— TASK INSTRUCTIONS —
How many lines in the records below contain the word "down"? Answer with the number and nothing else.
━━━━━ GIVEN DATA ━━━━━
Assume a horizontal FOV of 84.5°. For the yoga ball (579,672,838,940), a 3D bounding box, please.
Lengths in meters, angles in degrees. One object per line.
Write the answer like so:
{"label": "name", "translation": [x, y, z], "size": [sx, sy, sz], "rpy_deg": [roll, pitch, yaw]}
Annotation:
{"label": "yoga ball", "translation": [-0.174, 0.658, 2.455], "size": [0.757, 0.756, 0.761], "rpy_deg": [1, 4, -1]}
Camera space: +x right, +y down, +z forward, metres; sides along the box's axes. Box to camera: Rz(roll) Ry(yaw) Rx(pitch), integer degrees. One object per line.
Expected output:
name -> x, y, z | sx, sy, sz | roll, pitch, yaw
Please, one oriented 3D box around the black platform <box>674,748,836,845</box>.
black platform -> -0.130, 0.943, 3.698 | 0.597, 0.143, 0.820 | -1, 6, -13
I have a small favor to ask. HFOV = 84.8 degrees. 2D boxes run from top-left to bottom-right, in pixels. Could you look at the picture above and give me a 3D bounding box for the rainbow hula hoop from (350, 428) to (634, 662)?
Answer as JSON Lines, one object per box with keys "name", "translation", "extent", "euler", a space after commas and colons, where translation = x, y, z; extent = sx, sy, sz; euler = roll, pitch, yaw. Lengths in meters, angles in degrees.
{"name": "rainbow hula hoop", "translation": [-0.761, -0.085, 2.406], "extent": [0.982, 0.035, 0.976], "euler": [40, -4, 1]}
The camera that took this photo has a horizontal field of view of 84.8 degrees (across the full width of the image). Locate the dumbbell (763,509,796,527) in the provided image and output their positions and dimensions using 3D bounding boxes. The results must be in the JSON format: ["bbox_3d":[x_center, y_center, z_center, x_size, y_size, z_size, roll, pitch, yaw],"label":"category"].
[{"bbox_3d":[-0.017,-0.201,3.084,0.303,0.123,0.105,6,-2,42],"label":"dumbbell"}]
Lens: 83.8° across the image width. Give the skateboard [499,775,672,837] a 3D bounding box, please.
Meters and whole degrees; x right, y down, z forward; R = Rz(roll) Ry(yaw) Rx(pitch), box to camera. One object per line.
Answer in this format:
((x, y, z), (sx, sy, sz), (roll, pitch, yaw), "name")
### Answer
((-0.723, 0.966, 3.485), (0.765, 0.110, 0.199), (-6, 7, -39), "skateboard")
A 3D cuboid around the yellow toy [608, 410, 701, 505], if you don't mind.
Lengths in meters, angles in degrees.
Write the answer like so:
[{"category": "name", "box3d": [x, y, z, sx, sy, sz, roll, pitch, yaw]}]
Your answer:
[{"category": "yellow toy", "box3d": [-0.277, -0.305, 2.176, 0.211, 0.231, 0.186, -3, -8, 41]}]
━━━━━
— EXERCISE RESPONSE —
2